Abstract

Abstract. One hundred thousand years of ice sheet buildup came to a rapid end ∼25–10 thousand years before present (ka BP), when ice sheets receded quickly and multi-proxy reconstructed global mean surface temperatures rose by ∼3–5 °C. It still remains unresolved whether insolation changes due to variations of earth's tilt and orbit were sufficient to terminate glacial conditions. Using a coupled three-dimensional climate–ice sheet model, we simulate the climate and Northern Hemisphere ice sheet evolution from 78 ka BP to 0 ka BP in good agreement with sea level and ice topography reconstructions. Based on this simulation and a series of deglacial sensitivity experiments with individually varying orbital parameters and prescribed CO2, we find that enhanced calving led to a slowdown of ice sheet growth as early as ∼8 ka prior to the Last Glacial Maximum (LGM). The glacial termination was then initiated by enhanced ablation due to increasing obliquity and precession, in agreement with the Milankovitch theory. However, our results also support the notion that the ∼100 ppmv rise of atmospheric CO2 after ∼18 ka BP was a key contributor to the deglaciation. Without it, the present-day ice volume would be comparable to that of the LGM and global mean temperatures would be about 3 °C lower than today. We further demonstrate that neither orbital forcing nor rising CO2 concentrations alone were sufficient to complete the deglaciation.

Highlights

  • The last glacial termination (∼ 25–10 ka BP) is a welldocumented period of global climate reorganization and ice sheet retreat based on extensive paleo-data coverage (Waelbroeck et al, 2002; Peltier and Fairbanks, 2006; Yokoyama and Esat, 2011; Clark et al, 2012; Shakun et al, 2012; Masson-Delmotte et al, 2013)
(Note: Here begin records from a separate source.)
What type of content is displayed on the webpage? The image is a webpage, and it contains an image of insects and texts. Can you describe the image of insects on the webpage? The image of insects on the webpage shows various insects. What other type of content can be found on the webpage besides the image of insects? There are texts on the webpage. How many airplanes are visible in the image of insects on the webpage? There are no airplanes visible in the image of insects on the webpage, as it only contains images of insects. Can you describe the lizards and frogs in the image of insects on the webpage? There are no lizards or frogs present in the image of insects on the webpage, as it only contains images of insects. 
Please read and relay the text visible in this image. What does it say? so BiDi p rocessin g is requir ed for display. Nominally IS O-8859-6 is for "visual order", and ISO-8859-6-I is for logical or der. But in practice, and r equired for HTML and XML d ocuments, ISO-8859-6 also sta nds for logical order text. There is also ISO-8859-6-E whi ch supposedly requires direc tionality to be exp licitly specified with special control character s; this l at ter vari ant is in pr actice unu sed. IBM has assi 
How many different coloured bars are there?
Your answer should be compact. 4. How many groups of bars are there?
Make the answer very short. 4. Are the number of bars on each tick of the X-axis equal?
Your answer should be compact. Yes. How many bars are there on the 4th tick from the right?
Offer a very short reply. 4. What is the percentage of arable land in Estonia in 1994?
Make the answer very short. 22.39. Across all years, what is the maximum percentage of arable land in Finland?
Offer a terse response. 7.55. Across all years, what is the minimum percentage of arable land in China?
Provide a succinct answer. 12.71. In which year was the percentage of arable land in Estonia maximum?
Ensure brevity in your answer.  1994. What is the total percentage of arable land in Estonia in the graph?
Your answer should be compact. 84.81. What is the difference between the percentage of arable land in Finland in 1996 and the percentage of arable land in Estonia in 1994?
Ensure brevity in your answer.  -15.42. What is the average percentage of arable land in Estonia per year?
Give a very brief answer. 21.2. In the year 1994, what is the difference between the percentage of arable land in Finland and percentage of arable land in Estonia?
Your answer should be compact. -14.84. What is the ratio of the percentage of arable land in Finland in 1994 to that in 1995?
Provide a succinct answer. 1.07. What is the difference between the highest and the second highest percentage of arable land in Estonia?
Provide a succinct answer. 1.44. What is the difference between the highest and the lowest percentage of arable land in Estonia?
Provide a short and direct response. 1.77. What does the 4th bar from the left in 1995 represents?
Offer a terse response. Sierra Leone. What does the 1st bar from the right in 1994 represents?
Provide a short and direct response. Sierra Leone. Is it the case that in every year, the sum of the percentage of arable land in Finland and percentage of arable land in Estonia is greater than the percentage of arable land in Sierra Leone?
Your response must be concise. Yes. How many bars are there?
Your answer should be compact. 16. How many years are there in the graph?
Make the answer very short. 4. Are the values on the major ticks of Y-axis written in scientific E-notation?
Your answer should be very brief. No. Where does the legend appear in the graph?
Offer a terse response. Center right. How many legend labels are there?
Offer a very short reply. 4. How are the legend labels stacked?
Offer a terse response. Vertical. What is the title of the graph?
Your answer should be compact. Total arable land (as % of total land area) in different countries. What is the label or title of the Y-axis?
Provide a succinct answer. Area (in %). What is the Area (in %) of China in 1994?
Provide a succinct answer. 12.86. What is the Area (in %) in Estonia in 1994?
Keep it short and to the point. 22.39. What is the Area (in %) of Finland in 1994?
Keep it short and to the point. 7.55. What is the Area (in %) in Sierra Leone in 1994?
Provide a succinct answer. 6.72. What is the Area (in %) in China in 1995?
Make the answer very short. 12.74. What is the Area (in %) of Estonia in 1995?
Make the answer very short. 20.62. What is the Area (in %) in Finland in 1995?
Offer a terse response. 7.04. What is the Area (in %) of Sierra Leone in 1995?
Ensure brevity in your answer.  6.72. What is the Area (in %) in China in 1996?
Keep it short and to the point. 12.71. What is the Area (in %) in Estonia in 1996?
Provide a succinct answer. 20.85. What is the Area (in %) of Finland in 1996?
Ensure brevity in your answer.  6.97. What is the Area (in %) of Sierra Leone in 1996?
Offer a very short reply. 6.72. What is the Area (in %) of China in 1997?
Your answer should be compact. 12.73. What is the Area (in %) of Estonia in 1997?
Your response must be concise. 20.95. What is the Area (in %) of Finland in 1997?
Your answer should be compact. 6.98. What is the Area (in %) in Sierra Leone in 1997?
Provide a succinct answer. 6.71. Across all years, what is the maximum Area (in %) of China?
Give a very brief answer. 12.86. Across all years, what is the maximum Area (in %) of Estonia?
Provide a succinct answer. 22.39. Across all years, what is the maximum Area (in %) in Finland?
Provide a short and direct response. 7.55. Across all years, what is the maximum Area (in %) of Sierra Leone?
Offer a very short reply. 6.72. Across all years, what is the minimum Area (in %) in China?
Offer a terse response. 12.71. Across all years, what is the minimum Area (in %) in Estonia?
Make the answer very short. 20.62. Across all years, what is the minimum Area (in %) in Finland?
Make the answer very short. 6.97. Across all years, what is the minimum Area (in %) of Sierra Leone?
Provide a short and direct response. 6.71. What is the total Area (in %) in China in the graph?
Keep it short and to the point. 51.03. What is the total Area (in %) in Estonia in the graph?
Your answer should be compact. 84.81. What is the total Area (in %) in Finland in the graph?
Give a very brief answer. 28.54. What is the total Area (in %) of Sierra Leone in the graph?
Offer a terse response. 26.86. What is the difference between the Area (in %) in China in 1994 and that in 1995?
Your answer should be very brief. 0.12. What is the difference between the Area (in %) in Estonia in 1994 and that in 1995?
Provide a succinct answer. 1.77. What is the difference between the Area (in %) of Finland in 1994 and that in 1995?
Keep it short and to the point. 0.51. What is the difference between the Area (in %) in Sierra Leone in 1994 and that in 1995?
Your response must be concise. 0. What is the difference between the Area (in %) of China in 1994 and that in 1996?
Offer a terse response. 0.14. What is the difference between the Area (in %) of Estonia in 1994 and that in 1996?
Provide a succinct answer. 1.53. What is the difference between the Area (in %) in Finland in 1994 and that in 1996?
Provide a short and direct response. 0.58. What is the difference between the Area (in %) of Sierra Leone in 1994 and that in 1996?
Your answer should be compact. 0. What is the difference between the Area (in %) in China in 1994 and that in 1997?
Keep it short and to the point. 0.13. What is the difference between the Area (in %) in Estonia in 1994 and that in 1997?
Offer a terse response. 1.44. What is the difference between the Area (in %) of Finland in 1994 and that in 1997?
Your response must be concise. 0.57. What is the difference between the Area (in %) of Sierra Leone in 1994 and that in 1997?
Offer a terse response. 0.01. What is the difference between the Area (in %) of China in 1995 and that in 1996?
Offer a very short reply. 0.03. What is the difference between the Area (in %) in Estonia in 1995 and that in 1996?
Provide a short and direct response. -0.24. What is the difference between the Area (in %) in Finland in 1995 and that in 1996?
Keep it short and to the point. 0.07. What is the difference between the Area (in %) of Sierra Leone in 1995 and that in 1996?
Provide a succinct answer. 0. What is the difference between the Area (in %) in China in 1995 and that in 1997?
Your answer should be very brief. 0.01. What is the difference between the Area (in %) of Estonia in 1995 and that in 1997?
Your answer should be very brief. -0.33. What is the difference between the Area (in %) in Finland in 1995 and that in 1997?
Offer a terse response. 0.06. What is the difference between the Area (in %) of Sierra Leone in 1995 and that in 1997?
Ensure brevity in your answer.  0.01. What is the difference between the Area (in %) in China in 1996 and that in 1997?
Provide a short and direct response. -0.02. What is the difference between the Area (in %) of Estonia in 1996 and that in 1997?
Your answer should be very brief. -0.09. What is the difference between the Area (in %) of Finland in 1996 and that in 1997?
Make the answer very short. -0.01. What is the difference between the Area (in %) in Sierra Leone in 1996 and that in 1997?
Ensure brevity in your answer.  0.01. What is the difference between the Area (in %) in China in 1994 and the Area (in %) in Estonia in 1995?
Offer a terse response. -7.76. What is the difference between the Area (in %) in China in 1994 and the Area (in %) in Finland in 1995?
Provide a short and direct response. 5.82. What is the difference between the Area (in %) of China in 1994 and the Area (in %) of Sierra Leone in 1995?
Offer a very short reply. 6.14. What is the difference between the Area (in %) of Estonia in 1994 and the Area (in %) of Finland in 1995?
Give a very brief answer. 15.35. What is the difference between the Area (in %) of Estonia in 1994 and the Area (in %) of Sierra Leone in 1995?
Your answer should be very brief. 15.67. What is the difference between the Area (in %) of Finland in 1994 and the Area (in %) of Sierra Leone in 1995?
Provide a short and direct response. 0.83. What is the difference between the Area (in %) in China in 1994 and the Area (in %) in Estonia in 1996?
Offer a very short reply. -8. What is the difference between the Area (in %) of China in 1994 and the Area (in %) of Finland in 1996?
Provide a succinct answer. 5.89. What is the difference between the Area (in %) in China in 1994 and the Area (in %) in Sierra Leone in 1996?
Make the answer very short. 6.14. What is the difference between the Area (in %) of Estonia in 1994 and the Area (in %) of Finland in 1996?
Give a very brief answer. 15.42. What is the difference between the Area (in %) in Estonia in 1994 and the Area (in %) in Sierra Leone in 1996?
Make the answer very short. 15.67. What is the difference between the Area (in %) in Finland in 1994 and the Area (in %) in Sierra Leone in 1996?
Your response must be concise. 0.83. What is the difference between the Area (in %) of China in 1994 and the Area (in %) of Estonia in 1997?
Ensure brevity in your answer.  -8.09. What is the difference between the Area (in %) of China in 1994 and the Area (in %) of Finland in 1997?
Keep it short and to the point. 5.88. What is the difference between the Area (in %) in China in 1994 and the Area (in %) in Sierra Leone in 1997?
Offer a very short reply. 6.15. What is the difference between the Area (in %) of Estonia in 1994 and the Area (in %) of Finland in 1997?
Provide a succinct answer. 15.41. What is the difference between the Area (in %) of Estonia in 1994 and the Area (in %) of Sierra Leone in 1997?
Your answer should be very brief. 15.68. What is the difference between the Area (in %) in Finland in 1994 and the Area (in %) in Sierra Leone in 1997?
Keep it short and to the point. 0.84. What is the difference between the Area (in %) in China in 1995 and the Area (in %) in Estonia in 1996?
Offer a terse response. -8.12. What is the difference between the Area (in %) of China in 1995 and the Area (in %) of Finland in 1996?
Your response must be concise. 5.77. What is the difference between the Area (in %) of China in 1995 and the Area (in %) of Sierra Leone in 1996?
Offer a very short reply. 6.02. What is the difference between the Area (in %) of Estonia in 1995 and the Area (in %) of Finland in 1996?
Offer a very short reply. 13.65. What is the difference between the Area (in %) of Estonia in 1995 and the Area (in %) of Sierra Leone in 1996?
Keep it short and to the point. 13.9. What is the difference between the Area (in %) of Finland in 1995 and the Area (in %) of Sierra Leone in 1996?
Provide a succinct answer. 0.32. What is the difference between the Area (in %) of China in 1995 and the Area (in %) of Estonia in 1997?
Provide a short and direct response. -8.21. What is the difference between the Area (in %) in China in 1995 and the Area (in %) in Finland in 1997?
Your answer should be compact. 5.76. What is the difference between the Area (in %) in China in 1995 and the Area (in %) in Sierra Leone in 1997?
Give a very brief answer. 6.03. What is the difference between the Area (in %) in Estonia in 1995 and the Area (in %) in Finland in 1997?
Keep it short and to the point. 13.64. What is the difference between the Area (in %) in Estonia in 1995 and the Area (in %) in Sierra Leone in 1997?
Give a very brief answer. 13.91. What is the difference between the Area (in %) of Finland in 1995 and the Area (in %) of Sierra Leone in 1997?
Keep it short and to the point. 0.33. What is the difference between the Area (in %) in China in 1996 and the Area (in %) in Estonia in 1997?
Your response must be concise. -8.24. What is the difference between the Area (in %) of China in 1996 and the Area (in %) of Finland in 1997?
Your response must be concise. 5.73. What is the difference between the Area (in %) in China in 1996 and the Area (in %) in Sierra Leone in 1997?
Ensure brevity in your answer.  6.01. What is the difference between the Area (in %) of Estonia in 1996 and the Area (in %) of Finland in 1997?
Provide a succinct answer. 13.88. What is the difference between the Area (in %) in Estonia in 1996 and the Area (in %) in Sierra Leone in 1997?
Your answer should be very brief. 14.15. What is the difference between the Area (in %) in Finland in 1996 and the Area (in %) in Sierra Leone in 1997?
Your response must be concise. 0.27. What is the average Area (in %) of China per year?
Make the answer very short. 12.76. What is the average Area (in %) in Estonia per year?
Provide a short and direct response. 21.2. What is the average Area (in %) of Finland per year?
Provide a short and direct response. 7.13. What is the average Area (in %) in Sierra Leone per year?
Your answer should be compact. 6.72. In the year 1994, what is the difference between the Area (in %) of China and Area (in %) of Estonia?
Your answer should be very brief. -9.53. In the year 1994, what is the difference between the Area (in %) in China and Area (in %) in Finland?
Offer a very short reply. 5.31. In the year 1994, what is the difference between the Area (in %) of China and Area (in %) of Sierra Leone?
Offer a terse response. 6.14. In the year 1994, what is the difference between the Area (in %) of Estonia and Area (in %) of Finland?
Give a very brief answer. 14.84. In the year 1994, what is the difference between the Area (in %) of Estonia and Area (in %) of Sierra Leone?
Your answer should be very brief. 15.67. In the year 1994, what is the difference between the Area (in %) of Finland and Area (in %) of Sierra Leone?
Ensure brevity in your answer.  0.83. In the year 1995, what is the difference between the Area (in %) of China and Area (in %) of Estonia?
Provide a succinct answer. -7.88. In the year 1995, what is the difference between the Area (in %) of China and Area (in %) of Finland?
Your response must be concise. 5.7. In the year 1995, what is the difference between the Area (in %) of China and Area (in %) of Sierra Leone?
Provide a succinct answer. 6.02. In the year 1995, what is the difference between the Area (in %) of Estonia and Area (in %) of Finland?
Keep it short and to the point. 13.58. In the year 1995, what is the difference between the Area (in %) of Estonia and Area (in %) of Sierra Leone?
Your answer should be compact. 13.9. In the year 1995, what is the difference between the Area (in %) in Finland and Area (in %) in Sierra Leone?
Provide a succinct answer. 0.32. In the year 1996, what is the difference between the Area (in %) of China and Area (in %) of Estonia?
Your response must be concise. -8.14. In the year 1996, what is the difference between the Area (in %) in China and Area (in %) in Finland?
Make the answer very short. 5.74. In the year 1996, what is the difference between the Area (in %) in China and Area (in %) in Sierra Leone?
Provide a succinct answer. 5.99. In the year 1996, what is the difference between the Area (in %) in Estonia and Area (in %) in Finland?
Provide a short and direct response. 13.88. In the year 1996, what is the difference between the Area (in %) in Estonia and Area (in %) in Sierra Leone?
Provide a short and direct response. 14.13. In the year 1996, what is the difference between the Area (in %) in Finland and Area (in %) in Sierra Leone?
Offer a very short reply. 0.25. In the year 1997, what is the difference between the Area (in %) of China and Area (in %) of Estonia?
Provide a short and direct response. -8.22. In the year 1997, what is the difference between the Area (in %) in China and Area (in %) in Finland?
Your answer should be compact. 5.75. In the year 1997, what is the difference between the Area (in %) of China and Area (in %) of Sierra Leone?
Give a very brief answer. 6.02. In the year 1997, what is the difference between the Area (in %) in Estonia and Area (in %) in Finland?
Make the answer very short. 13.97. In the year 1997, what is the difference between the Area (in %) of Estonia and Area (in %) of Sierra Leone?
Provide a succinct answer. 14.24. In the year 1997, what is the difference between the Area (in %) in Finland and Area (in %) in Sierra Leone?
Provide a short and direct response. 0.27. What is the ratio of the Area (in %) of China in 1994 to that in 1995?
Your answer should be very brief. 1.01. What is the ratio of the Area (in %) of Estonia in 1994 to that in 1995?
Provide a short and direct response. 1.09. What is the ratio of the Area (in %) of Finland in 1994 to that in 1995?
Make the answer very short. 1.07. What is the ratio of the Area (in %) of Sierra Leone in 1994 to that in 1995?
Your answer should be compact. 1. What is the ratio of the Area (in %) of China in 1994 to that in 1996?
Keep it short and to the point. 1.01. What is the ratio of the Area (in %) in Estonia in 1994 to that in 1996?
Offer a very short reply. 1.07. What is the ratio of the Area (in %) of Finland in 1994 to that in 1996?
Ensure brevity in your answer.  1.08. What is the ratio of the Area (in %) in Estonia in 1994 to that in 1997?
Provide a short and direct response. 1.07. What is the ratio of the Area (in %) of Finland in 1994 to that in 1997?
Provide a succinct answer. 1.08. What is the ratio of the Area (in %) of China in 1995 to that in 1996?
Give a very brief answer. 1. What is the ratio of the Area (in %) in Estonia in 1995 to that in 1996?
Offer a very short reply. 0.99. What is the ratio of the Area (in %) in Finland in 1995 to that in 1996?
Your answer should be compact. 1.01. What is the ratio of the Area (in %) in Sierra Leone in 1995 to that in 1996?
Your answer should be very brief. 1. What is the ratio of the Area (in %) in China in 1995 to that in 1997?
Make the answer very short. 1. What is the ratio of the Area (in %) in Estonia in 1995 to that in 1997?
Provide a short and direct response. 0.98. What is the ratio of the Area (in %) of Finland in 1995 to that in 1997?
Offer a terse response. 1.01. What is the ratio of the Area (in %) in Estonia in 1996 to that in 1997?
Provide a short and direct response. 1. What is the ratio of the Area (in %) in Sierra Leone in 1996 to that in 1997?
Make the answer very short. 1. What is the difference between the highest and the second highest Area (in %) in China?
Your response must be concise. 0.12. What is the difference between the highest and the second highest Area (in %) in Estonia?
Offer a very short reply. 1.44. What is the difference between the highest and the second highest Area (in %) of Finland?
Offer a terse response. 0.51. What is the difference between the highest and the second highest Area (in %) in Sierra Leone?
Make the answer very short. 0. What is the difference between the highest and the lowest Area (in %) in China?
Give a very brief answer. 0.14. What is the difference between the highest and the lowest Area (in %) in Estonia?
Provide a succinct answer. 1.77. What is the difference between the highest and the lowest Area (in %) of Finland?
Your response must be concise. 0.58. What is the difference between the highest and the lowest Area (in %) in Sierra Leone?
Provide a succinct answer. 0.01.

  • The numerical model used in this study is based on the Ice sheet model for Integrated Earth system Studies IcIES (Saito and Abe-Ouchi, 2004; Abe-Ouchi et al, 2007), bidirectionally coupled to the atmosphere–ocean–sea ice–land components of the intermediate complexity model LOVECLIM (Driesschaert et al, 2007) with LGM (Last Glacial Maximum) boundary conditions (Roche et al, 2007)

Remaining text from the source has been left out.